Monday, June 13, 2016

Wavelet denoising

I found this interesting post about wavelet thresholding on Banco Silva's blog. Unfortunately the code does not run under PyWavelets 0.4.0/Scipy 0.17.1 , but it inspired me to write a demo which does.

One pic says more than thousand words, so here it is:

As one can see, we add so much noise that the images practically disappear, but wavelet reconstruction (db8 in this case) is smart enough to recover the main features. The key point in the code is

threshold = noiseSigma * np.sqrt(2 * np.log2(noisy_img.size))
rec_coeffs = coeffs
rec_coeffs[1:] = (pywt.threshold(i, value=threshold, mode="soft") for i in rec_coeffs[1:])

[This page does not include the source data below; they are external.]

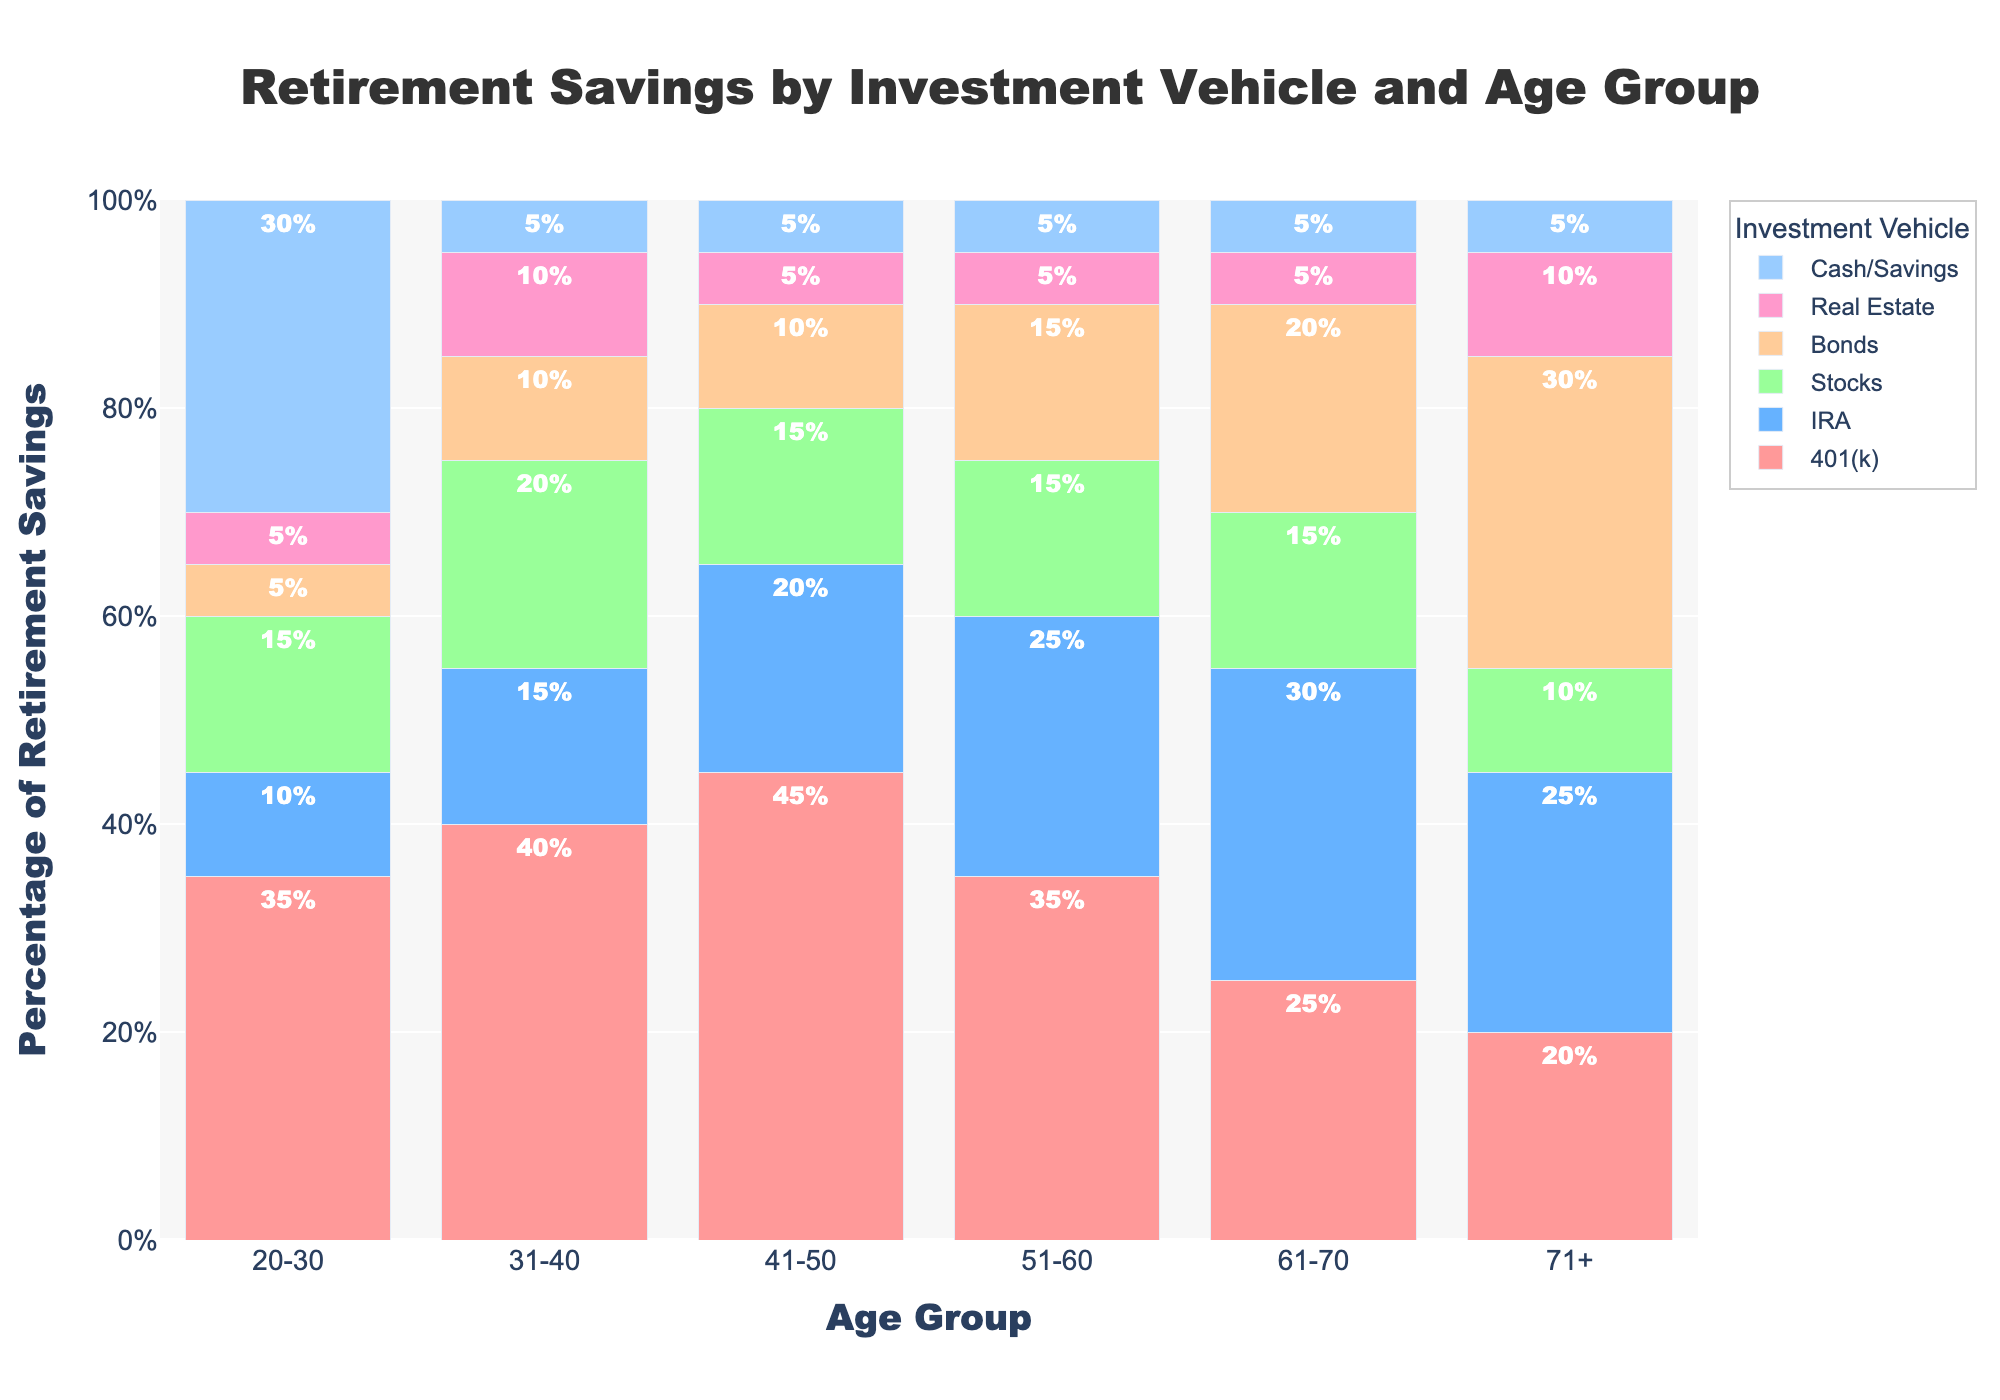What's the total percentage of retirement savings allocated to Real Estate across all age groups? To find the total percentage of retirement savings allocated to Real Estate, sum the percentages across all age groups: 5% (20-30) + 10% (31-40) + 5% (41-50) + 5% (51-60) + 5% (61-70) + 10% (71+). The total is 40%.
Answer: 40% Which age group shows the highest percentage allocation to Bonds? Look for the age group with the tallest bar segment in the color associated with Bonds. The age group 71+ has the highest percentage allocation to Bonds at 30%.
Answer: 71+ Compare the 401(k) percentage allocation between age group 20-30 and age group 31-40. Which age group has a higher allocation? Look at the heights of the 401(k) bar segments for these age groups. The percentage for 401(k) in age group 20-30 is 35%, while for age group 31-40, it's 40%. Hence, the 31-40 group has a higher allocation.
Answer: 31-40 Which investment vehicle has the greatest percentage allocation in the 61-70 age group? Identify the tallest bar segment in the 61-70 age group column. The tallest segment corresponds to IRA with a percentage allocation of 30%.
Answer: IRA What's the combined allocation percentage for Cash/Savings and Stocks in the 20-30 age group? Sum the percentage values for Cash/Savings and Stocks in the 20-30 age group: 30% (Cash/Savings) + 15% (Stocks) = 45%.
Answer: 45% Does the allocation percentage for IRA increase, decrease, or remain the same as the age groups progress? Observe the trend of the IRA bar segments across age groups. The percentage allocation to IRA follows an increasing trend from 20-30 to 61-70, then decreases for 71+.
Answer: Increase, then decrease What percentage difference is there between the highest and lowest allocations to 401(k) across all age groups? Identify the highest and lowest values for 401(k) which are 45% and 20%, respectively. The difference is 45% - 20% = 25%.
Answer: 25% What's the average percentage allocation of Cash/Savings across all age groups? Sum the percentage values of Cash/Savings across all age groups and divide by the number of age groups: (30 + 5 + 5 + 5 + 5 + 5)/6 = 55/6 ≈ 9.17%.
Answer: 9.17% Which age group has the smallest allocation to Stocks? Find the age group with the shortest bar segment in the color associated with Stocks. The 71+ age group has the smallest allocation to Stocks at 10%.
Answer: 71+ Is the percentage allocation to 401(k) higher for the 41-50 age group or the 51-60 age group? Compare the heights of the 401(k) bar segments for these age groups. The 41-50 age group has a 45% allocation, while the 51-60 age group has a 35% allocation. Therefore, the 41-50 group has the higher allocation.
Answer: 41-50

Here soft thresholding is used, where the wavelet coeffiicients whose absolute value is less than the threshold are assumed to be noise and hence set to zero, so as to denoise the signal. The other coefficients are shifted by sign*theshold so as to mantain the main patterns. Here a standard Donoho-Johnstone universal threshold is used. A look at the code may tell you more.

Saturday, May 28, 2016

Minima of dml functionals

Intro

We'll have a look at the minimization of dml functionals. The code can be checked out from this github repository. It is largely based on the multilayer perceptron code from the classic deep learning theano-dml tutorial, to which some convenient functionality to initialize, save and test models has been added. The basic testing functionality is explained in readme.md.

Getting started

After checking out the repository we will first create and save the parameters of the models generated by the modified multilayer perceptron. The key parameters are set at the top of the dml/mlp_test/mlp_modified.py script.

activation_f=T.tanh
n_epochs_g=500
randomInit = False
saveepochs = numpy.arange(0,n_epochs_g+1,10)

You can modify the defaults. If you are in a hurry or have time and/or a GPU for example, you can reduce/increase the number of epochs from the default 500 to 100 or to 1000 s in the Deeplearning tutorial. We will generate two series of saved models, one where the initial values are uniformly zero (randomInit=False above) and one where the initial values of the LogRegression layer are generated randomly (randomInit=True)
First

cd dml/mlp-test
python mlp_modified.py

Looking into the dml/data/models you will see files containing the parameters of the models that have been saved, one every ten epochs, as per default. Then change to randomInit=True in mlp_modified.py and repeat.

python mlp_modified.py

Looking at the console output or at the logs you may realise that the randomly initialised sequence has at first lower error rates than the the one initialized with zeros. However the latter catches up after a while. In my test after 500 epochs the errors are respectively 178 and 174. Don't forget to set randomInit back to False if you intend to work with SdA later.

Plotting and interpreting the results

We will now see how the W and b of the HiddenLayer and of the RegressionLayer converge to their best model value, in this case the model corresponding to epoch 500. The distance that we consider is L2 norm. Using the methods in dml/mlp_test/est_compare_mlp_unit.py we get the plots.

Distance from the 500-epoch parameters for the zero initialized model

Distance from the 500-epoch parameters for the random initialized model

We see that all four parameters converge uniformly to their best value. This may correspond to our naive expectations.
Now for the most interesting bit. Do the two model series approach the same optimum? Let's have a look at the next plot.

Distance from the zero and the random initialized model

It is apparent that the L2 distances between the parameters are not decreasing. They two series are converging to two different optima. It is actually well known that "most local minima are equivalent and yield similar performance on a testset", but seeing it may help.